Both eCraft2Learn and INBOTS involve applying technology within educational or social-learning contexts, which appears to be the organization's core institutional mission.
EUROPAIKO ERGASTIRIO EKPAIDEFTIKIS TECHNOLOGIAS
Greek NGO applying digital fabrication, maker pedagogy, and inclusive robotics to education and societal technology adoption.
Their core work
The European Lab for Educational Technology is a Greek NGO based in Sparta that works at the intersection of technology and learning — specifically applying digital tools, physical making, and robotics to real educational practice. In eCraft2Learn, they contributed to a project designing maker-movement curricula where students create computer-supported artefacts using tools like Scratch; in INBOTS, they brought an educational lens to inclusive robotics, exploring how robotic systems can be designed or deployed for broader social benefit. Their practical value to consortia is translating research-level technology — fabrication platforms, robot interfaces — into formats that educators and learners can actually use. As an NGO rather than a university, they likely connect research teams with school networks, NGO ecosystems, and civil society channels that academic partners typically cannot reach.
What they specialise in
eCraft2Learn (2017–2018) focused explicitly on digital fabrication and the maker movement as pedagogical tools, with students constructing computer-supported artefacts from scratch.
INBOTS (2018–2021) addressed inclusive robotics for society, suggesting engagement with accessibility, human-robot interaction, and the social dimensions of robotic systems.
As an NGO participating in both a Research and Innovation Action and a Coordination and Support Action, the organization likely provides community outreach, stakeholder engagement, and non-academic dissemination to both consortia.
How they've shifted over time
With only two projects and no keyword data available, tracing a precise evolution is difficult, but the trajectory from eCraft2Learn to INBOTS does suggest a meaningful shift. Their first project (2017–2018) centered on learner-driven creation — children building artefacts with digital fabrication tools — which is an empowerment-through-making framing. Their second project (2018–2021) moved toward inclusive robotics and societal impact, a broader and more policy-adjacent frame that goes beyond classroom practice into questions of who technology serves. This suggests the organization is widening its scope from purely pedagogical work toward technology ethics, inclusion, and societal readiness — a direction common among EdTech NGOs maturing within the EU research ecosystem.
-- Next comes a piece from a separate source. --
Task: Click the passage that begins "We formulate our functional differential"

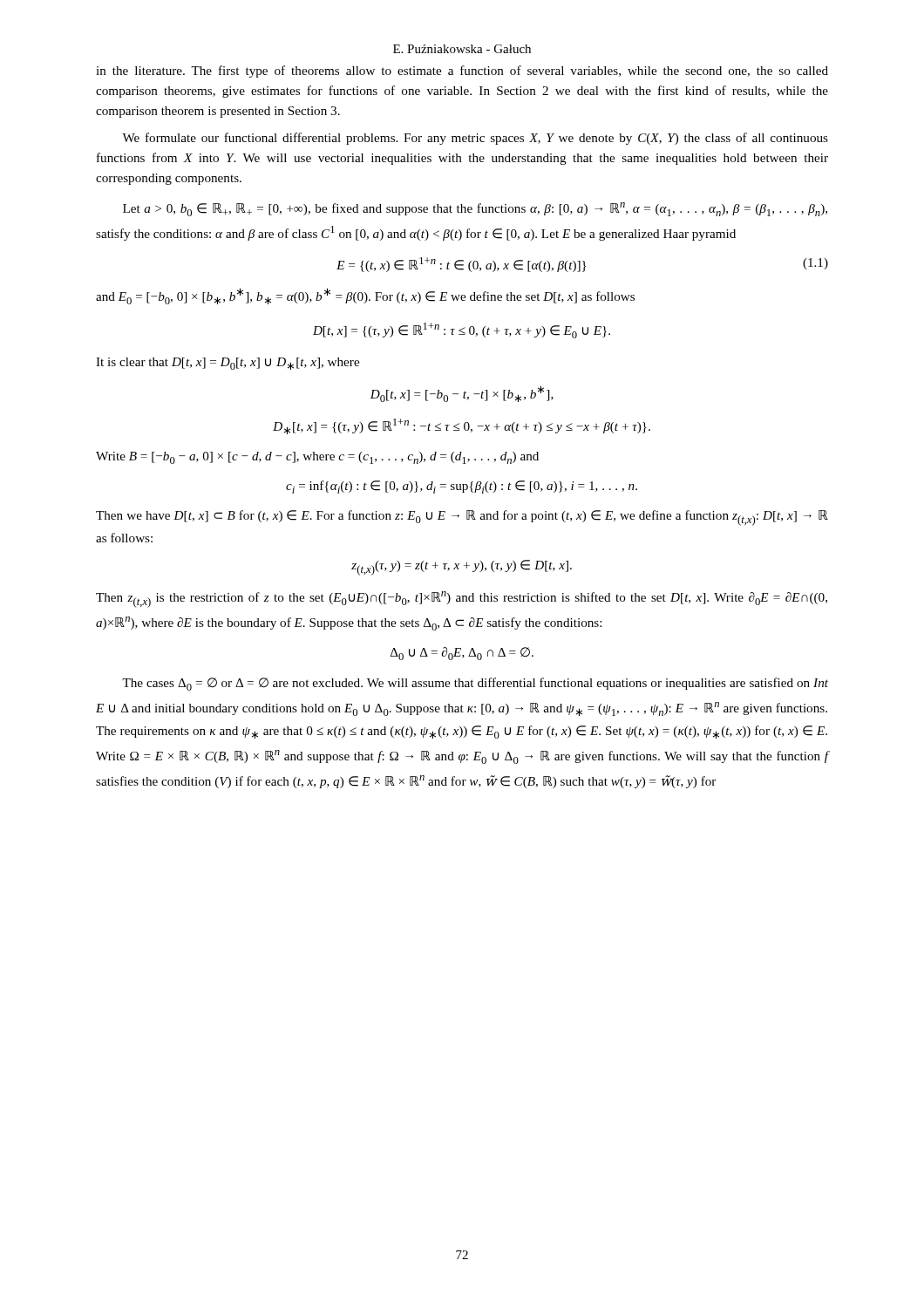Action: click(462, 158)

This organization appears to be moving from hands-on STEM education toward the broader question of how emerging technologies (robotics, digital tools) can be designed and deployed inclusively — a positioning that fits well with Horizon Europe priorities around responsible technology and digital inclusion.
How they like to work
This organization has never led an H2020 project — both participations are as a consortium partner, not coordinator — which suggests they function as a specialist contributor rather than a project architect. Despite only two projects, they have accumulated 36 unique consortium partners across 13 countries, indicating they joined large, well-networked international consortia rather than small bilateral partnerships. For prospective collaborators, this means they are accustomed to operating inside complex multi-partner structures and are likely a pragmatic, focused partner rather than a generalist who needs heavy coordination.
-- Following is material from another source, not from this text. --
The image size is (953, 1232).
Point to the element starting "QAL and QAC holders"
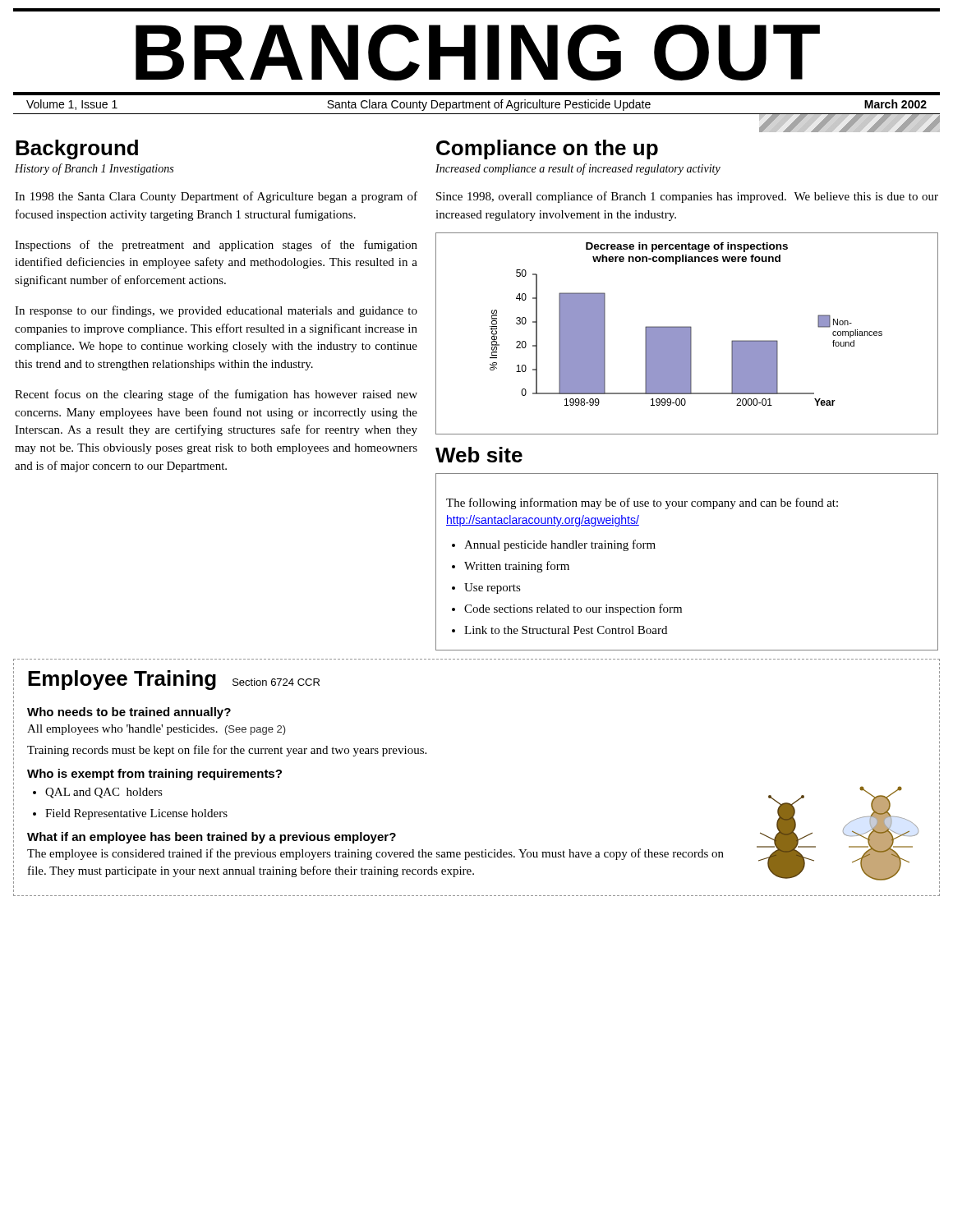[x=104, y=791]

Despite a small project portfolio of just two projects, this organization has reached 36 unique consortium partners across 13 countries — an unusually wide network for their scale, reflecting participation in large pan-European research consortia. There is no evidence of a tight geographic cluster; the reach appears broadly European.
What sets them apart
This organization occupies a rare niche: an NGO specializing in educational technology based not in a major European capital but in Sparta, Greece — which itself signals strong local and regional community ties that metropolitan research labs typically lack. Their combination of maker education and inclusive robotics gives them a credible profile across both the digital skills and responsible innovation agendas that EU funders prioritize. For a consortium that needs educational expertise, civil society legitimacy, and southern European geographic diversity, this organization checks boxes that universities and tech companies cannot.
Highlights from their portfolio
- eCraft2LearnThe larger of their two grants (EUR 203,500) and a Research and Innovation Action, this project positioned the organization at the center of the European maker movement in education — a high-visibility agenda connecting programming, physical fabrication, and school curricula.
- INBOTSA Coordination and Support Action on inclusive robotics running through 2021, this project extended the organization's reach into robotics ethics and social inclusion — demonstrating versatility beyond pure classroom EdTech into technology policy and societal readiness themes.